Materials and methods
Forty consecutive TAVR candidates prospectively underwent combined CTA of the aortic root and vascular access route (270 mgI/ml iodixanol). Patients were assigned to group A (second-generation dual-source CT [DSCT], 100 kV, 60 ml contrast, 4.0 ml/s flow rate) or group B (third-generation DSCT, 70 kV, 40 ml contrast, 2.5 ml/s flow rate). Vascular attenuation, noise, signal-to-noise (SNR) and contrast-to-noise ratios (CNR) were compared. Subjective image quality was assessed by two observers. Estimated glomerular filtration (eGFR) at CTA and follow-up were measured.
Results
Besides a higher body-mass-index in group B (24.8±3.8 kg/m2 vs. 28.1±5.4 kg/m2, P=0.0339), patient characteristics between groups were similar (P≥0.0922).
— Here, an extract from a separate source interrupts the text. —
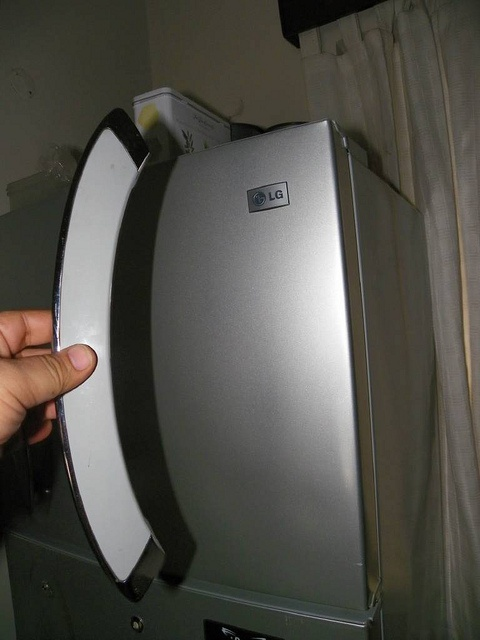Describe the objects in this image and their specific colors. I can see refrigerator in black, gray, and darkgray tones and people in black, brown, salmon, and maroon tones in this image. 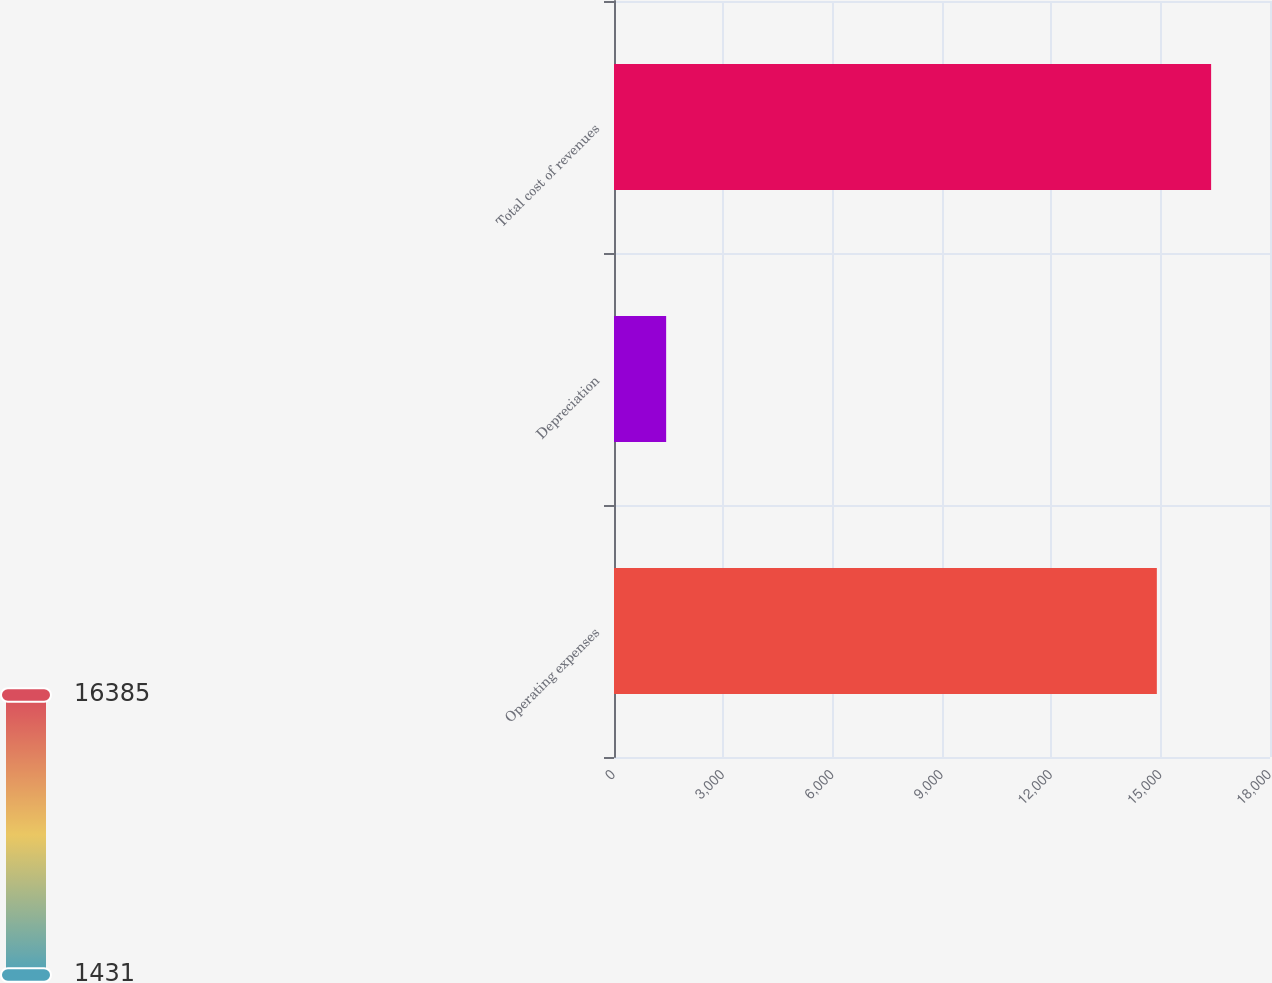Convert chart. <chart><loc_0><loc_0><loc_500><loc_500><bar_chart><fcel>Operating expenses<fcel>Depreciation<fcel>Total cost of revenues<nl><fcel>14895<fcel>1431<fcel>16384.5<nl></chart>

Aortoiliac SNR (P=0.0003) was higher in group B. Cardiac SNR (P=0.0003) and CNR (P=0.0181) were higher in group A. Subjective image quality was similar (P≥0.213) except for aortoiliac image noise (4.42 vs. 4.12, P=0.0374). TAVR-planning measurements were successfully obtained in all patients. There were no significant changes in eGFR among and between groups during follow-up (P≥0.302).
Conclusion
TAVR candidates can be safely and effectively evaluated by a comprehensive CTA protocol with low contrast volume using low-tube-voltage acquisition.
Key Points
• Third-generation dual-source CT facilitates low-tube-voltage acquisition.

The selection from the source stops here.